Integrated-Power-Control-Strategy-Based Electrolytic Capacitor-Less Back-to-Back Converter for Variable Frequency Speed Control System

• Published in: IEEE transactions on industrial electronics (1982) Vol. 67; no. 12; pp. 10065 - 10074
• Main Authors: Bao, Danyang, Pan, Xuewei, Wang, Yi, Huang, Hao, Wu, Bingyi
• Format: Journal Article
• Language: English
• Published: New York IEEE 01.12.2020; The Institute of Electrical and Electronics Engineers, Inc. (IEEE)
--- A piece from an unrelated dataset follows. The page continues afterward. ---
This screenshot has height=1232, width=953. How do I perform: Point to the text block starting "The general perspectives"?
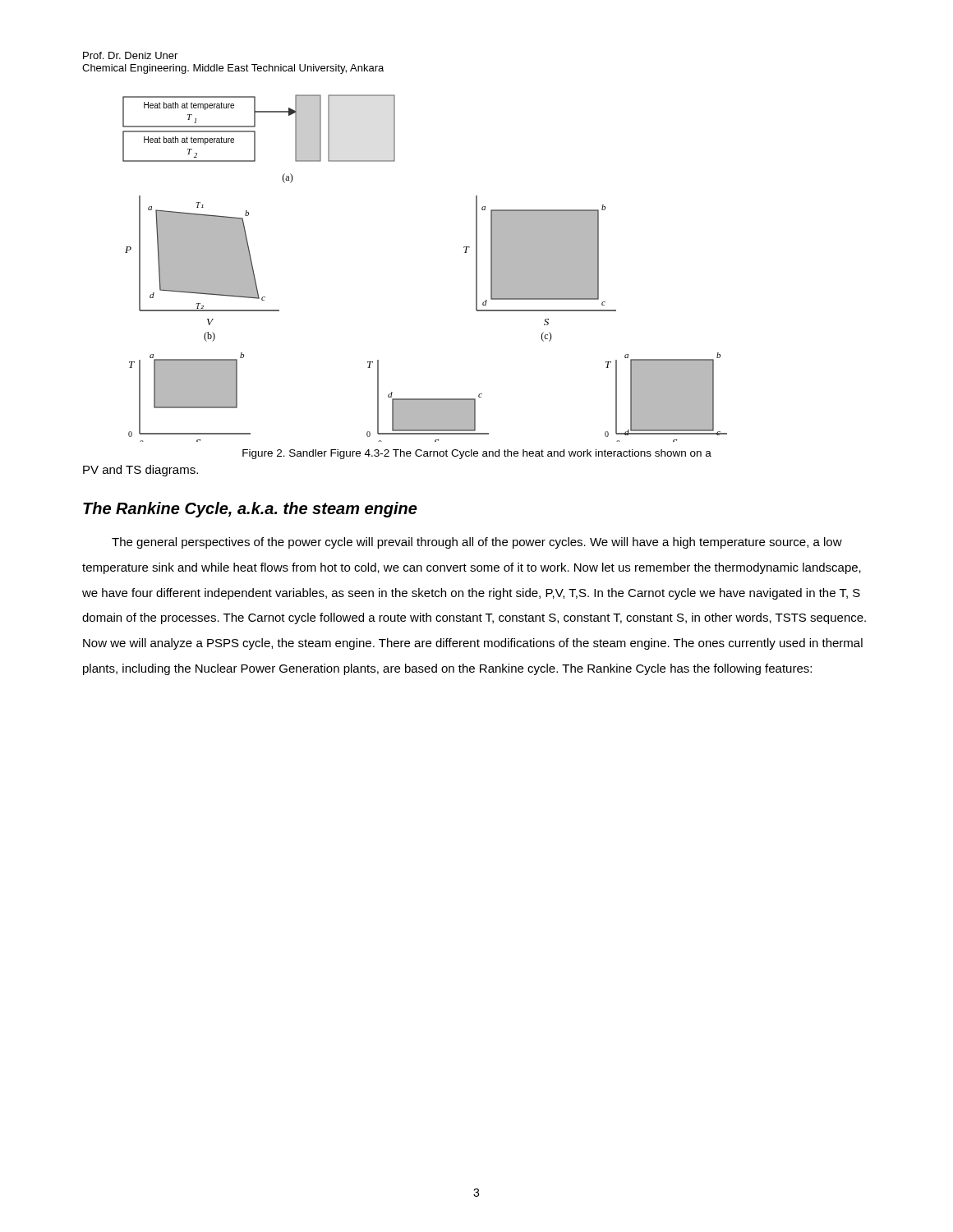point(475,605)
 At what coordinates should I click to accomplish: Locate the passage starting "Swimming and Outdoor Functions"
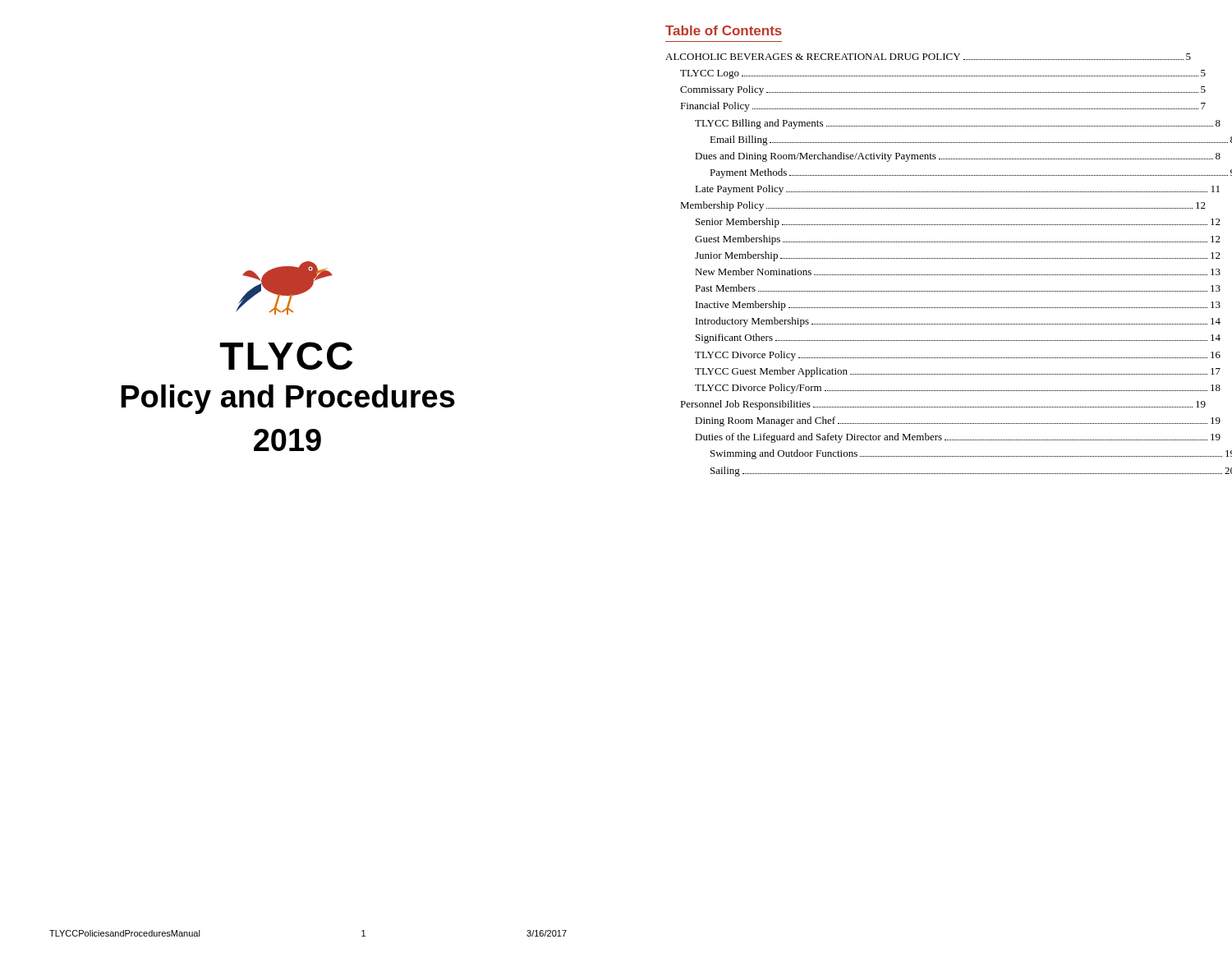point(971,454)

• Subjects: Capacitors; Control systems; Converters; Couplings; Data buses; DC-link electrolytic capacitor less; Dynamic response; Electric potential; Energy conversion efficiency; Energy storage; Feedforward systems; Frequency control; Harmonic distortion; integrated power control strategy (IPCS); Inverters; Power control; power coupling; power factor; Rectifiers; Ripples; Speed control; total harmonic distortion (THD); Voltage; Voltage control
• ISSN: 0278-0046; 1557-9948
• DOI: 10.1109/TIE.2019.2960737

This article presents an integrated power control strategy (IPCS) for a variable frequency speed regulation system, which consists of a back-to-back converter and a small film dc-link capacitor. Due to the lack of large-capacity energy storage components in the dc bus, there is a strong power coupling between the rectifier and the inverter. The dynamic response is limited and dc-link voltage oscillates because the traditional method controls rectification and inversion separately. The IPCS is proposed to achieve dynamic balance of the system power through synchronous control of the rectifier and inverter. High conversion efficiency guarantees the power balance of the rectifier and inverter meanwhile reduces the dc bus voltage ripple. To further reduce the dc-link voltage ripple and maintain the stability of the dc-link voltage under step changes of load, a virtual inertia control method is proposed, which consists of a virtual resistance control block and a virtual capacitor control block. As a result, the dc-link voltage ripple and the total harmonic distortion of the dc-link current can be improved. Simulations and experimental results are given to provide further validation of the proposed IPCS under different operating scenarios.